All the entries need to be duplicated exactly, with the pictures omitted.

* _Supplied information_:
--

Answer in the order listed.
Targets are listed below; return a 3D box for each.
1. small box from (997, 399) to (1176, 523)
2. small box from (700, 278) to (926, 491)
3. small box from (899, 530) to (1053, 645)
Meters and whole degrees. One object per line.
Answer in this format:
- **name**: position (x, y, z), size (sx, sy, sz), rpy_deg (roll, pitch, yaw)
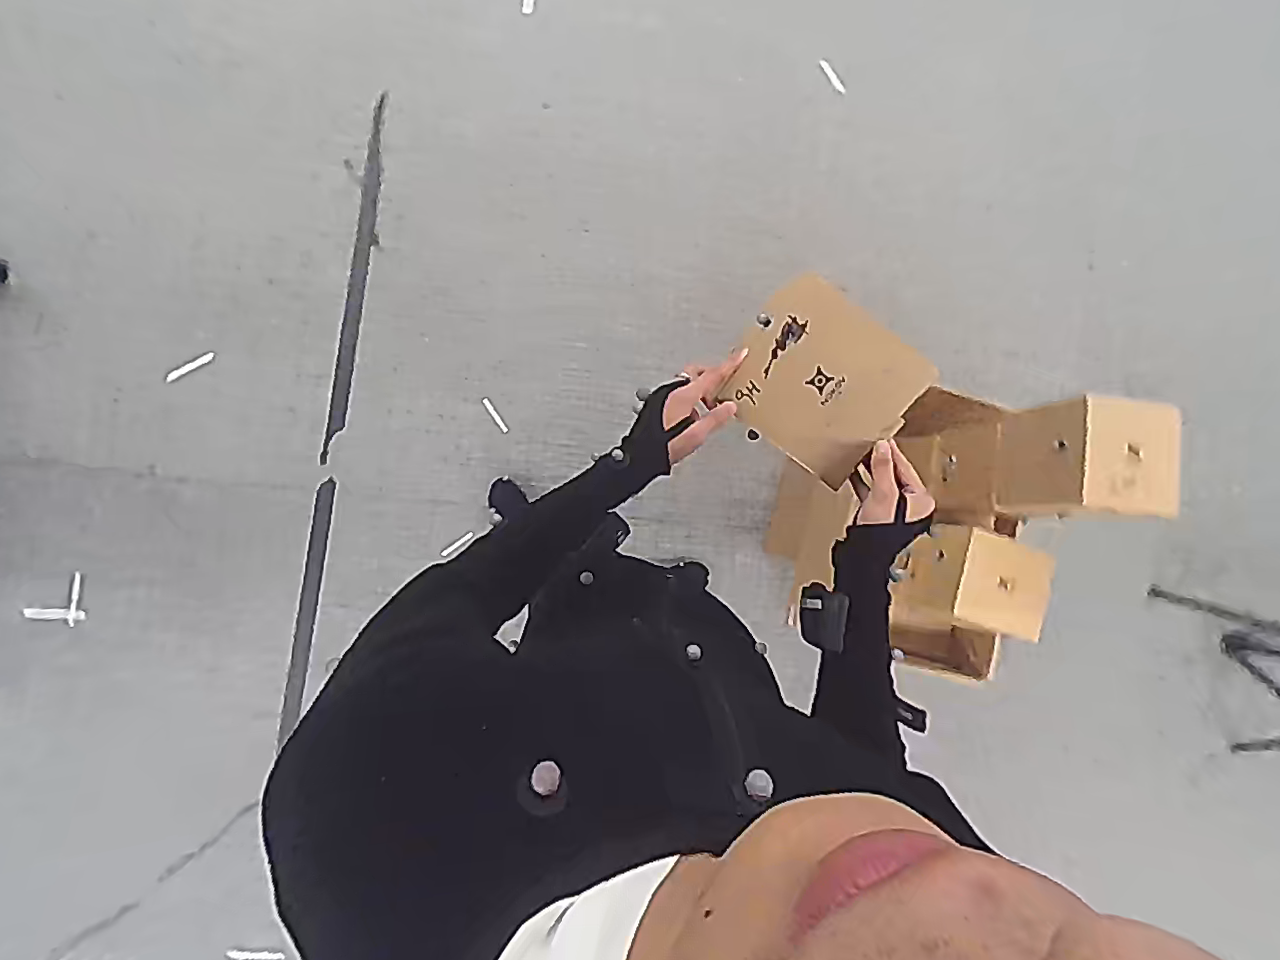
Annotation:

--

* _Expected output_:
Answer in the order listed.
Targets are listed below; return a 3D box for each.
1. small box from (997, 399) to (1176, 523)
2. small box from (700, 278) to (926, 491)
3. small box from (899, 530) to (1053, 645)
Meters and whole degrees. One object per line.
Answer in this format:
- **name**: position (x, y, z), size (sx, sy, sz), rpy_deg (roll, pitch, yaw)
Annotation:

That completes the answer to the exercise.